Was hat es mit dem weihnachtlichen Gefühl auf sich, dem Gefühl von Harmonie und Geborgenheit, das in uns geweckt wird, sobald wir einen Weihnachtsmarkt betreten, obwohl wir im geschäftigen Treiben, dem Gedrängel, Gestoße und Geschiebe besonders um die Glühlweinstände herum nicht die geringste Spur von Harmonie finden? Hat es vielleicht etwas mit früheren Erlebnissen auf einem Weihnachtsmarkt zu tun, die wir als harmonisch abgespeichert haben? Das Gedächtnis schlägt einem manchmal ja ein Schnippchen. Es ist kein statischer Aktenordner oder ein verstaubendes Archiv. So erscheinen Erinnerungen an frühere Zeiten - zumal bei älteren Menschen - in immer rosigeren Farben. Da waren die Ferien schöner, die Menschen freundlicher, die Winter weißer und die Feste ausgelassener. In dieser allgemeinen Verklärung hat man sich selbst auch als glücklicher in Erinnerung, obgleich die Vergangenheit bei objektiver Betrachtung meist keineswegs so heiter, problemlos und beglückend war. Umgekehrt ist es bei schwermütigen Menschen.
© Christian Kohl 
Erinnerungen sind oft nicht steuerbar, sie entstehen aus dem Augenblick heraus. Das wohl berühmteste Beispiel stammt aus Marcel Prousts Roman »Auf der Suche nach der verlorenen Zeit«, in dem das Aroma eines in Lindenblütentee getauchten muschelförmigen Gebäcks namens Petite Madeleine plötzlich einen Schwall von Kindheitserinnerungen auslöst und damit den Roman in Gang setzt.

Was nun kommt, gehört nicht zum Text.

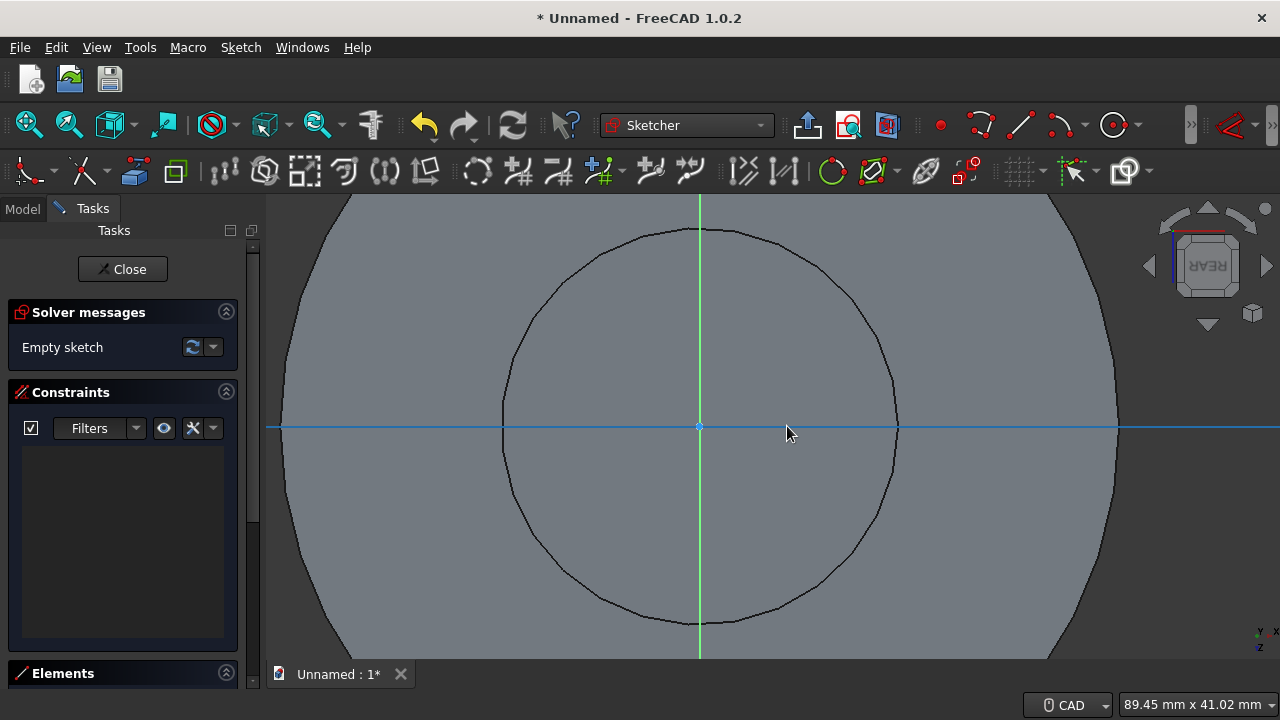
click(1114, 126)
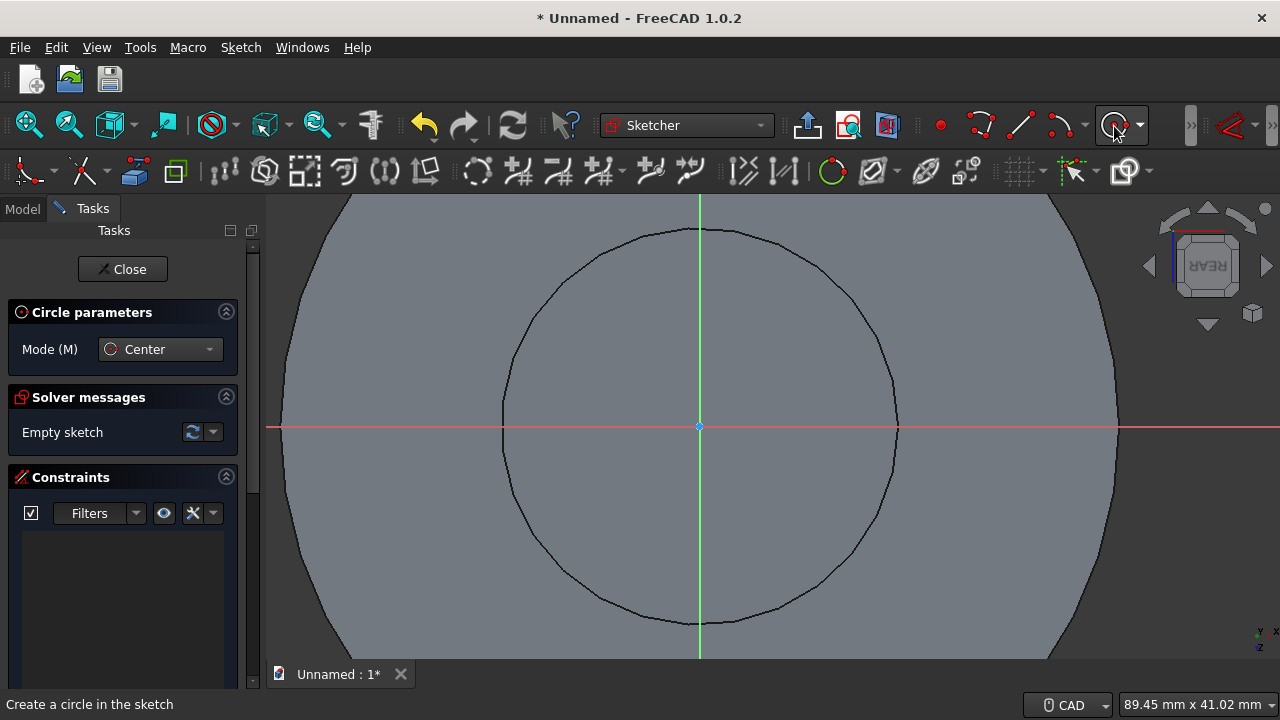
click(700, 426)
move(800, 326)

Ähnlich ergeht es uns beim Duft von gebrannten Mandeln, gerösteten Maronen, Zimt, Nelken und Zuckerwerk jeder Art, wenn wir über den mittelalterlich anmutenden Weihnachtsmarkt schlendern. Wir fühlen uns in einen von allen Spannungen befreiten Raum in unserer Kindheit zurückversetzt, in eine glitzernde Märchenwelt, die es aber nie gab. Denn unser Gedächtnis ist so anschmiegsam, dass wir vieles einfügen können, was wir gar nicht erlebt haben, etwa Szenen aus Weihnachtsmärchen, Werbefilmen oder Weihnachtsfilmen der Disney-Traumfabrik, in der die Menschen stets gut zueinander sind. Das geschieht bei jedem von uns zwar auf unterschiedliche Art und Weise, kann aber dennoch zu einer einheitlichen Wirkung führen, in diesem Fall also ein diffuses Gefühl von Harmonie und Geborgenheit erzeugen, das von vielen Menschen geteilt wird, obwohl es jeglicher Grundlage entbehrt.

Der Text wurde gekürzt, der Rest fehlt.